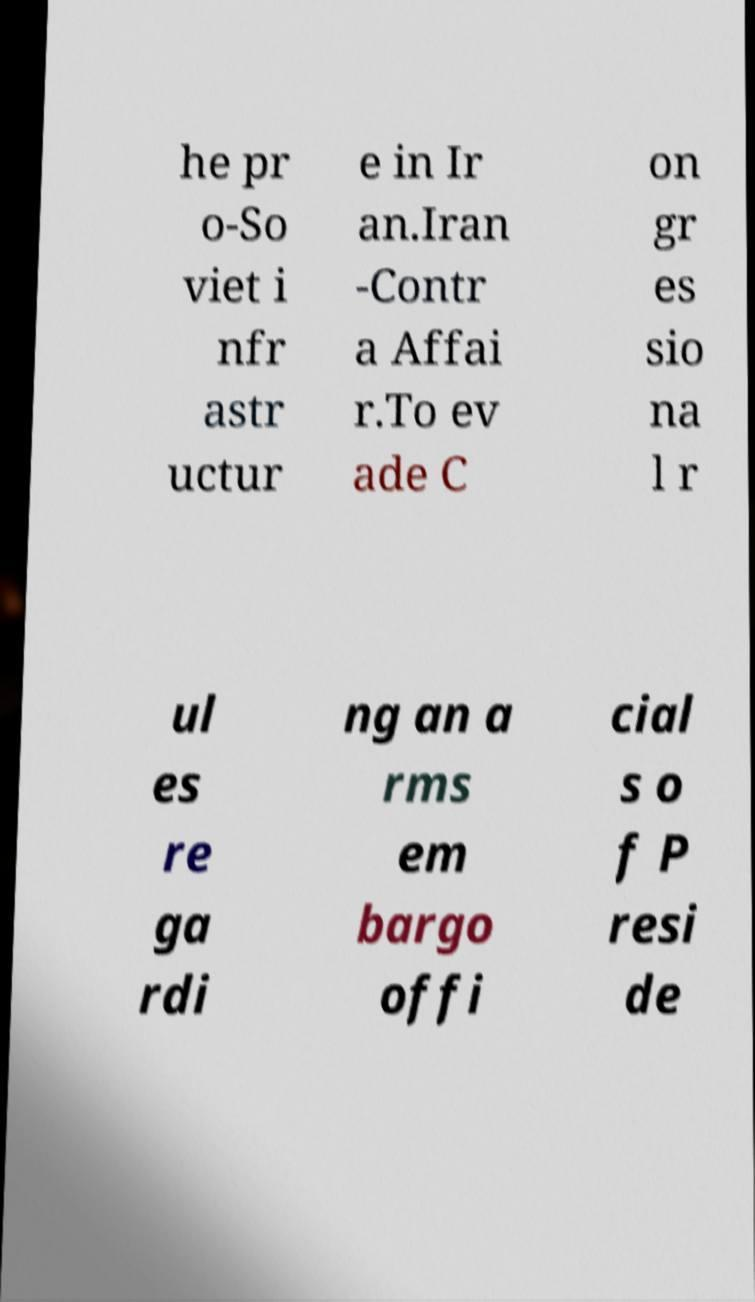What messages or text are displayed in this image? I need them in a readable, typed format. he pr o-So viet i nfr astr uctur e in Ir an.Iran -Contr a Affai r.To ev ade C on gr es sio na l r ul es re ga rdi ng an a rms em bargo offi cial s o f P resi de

++++++++++

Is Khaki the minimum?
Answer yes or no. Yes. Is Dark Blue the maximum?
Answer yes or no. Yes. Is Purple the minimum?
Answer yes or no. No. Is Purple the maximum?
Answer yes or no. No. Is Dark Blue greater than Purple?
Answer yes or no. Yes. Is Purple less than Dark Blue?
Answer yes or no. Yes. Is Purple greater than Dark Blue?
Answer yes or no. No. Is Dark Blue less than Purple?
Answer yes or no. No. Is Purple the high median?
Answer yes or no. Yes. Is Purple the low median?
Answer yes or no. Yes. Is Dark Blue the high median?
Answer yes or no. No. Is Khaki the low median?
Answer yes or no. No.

++++++++++

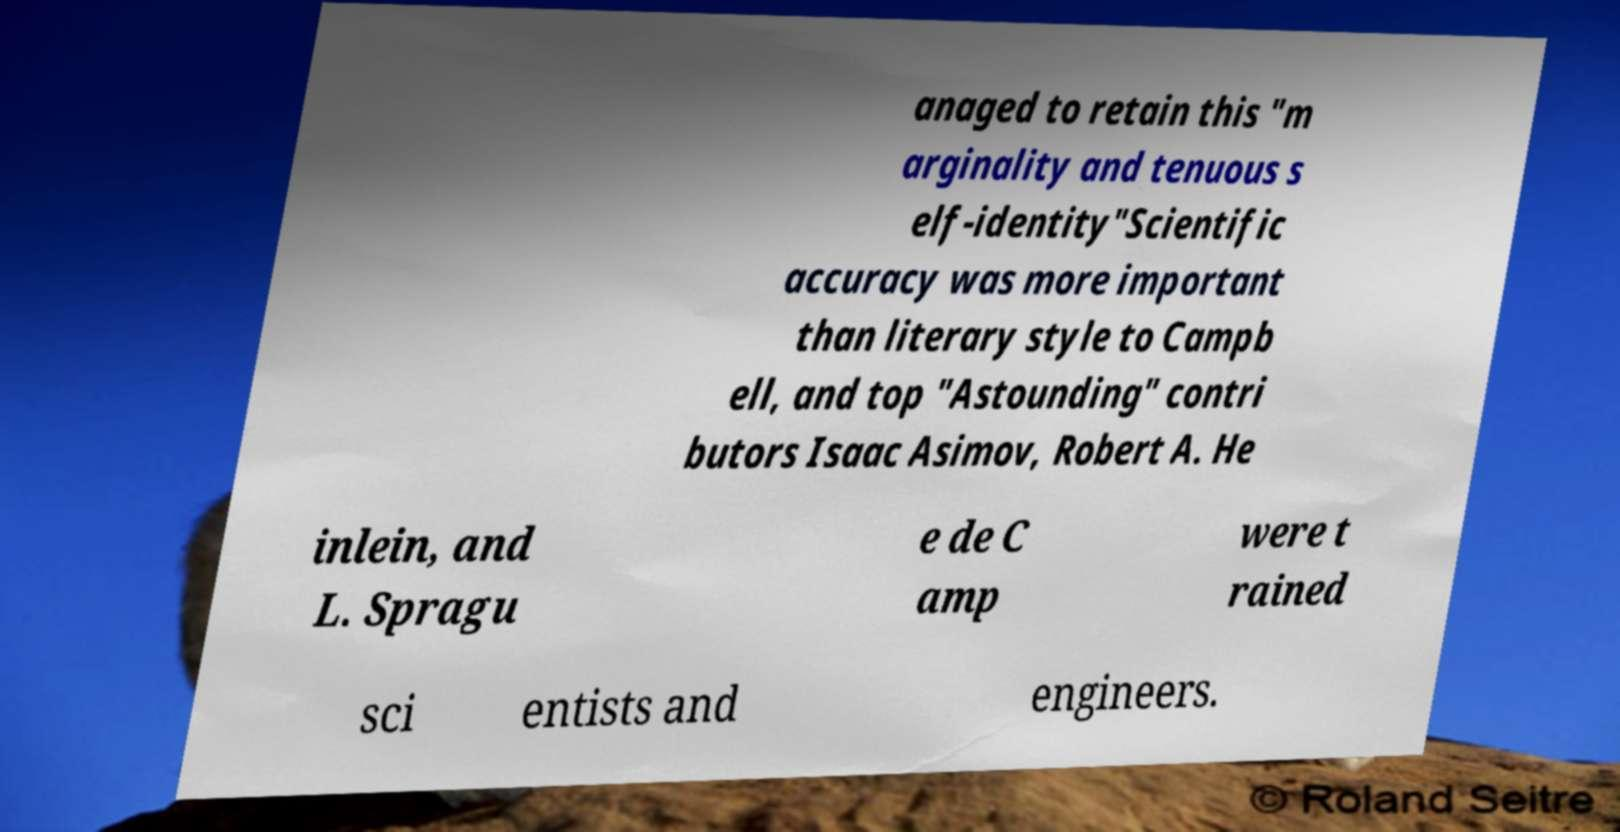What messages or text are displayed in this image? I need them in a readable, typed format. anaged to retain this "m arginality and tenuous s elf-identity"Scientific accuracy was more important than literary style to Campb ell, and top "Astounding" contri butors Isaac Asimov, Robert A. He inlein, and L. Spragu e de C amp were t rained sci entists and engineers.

++++++++++

▶ **ABOUT THIS TASK**
The answer must be every line from the records above that contains the word "Dark", copied in full.

▶ **COMPLETED TASK**
Answer yes or no. Yes. Is Dark Blue the maximum?
Answer yes or no. No. Is Dark Blue greater than Purple?
Answer yes or no. Yes. Is Purple less than Dark Blue?
Answer yes or no. Yes. Is Purple greater than Dark Blue?
Answer yes or no. No. Is Dark Blue less than Purple?
Answer yes or no. Yes. Is Dark Blue the high median?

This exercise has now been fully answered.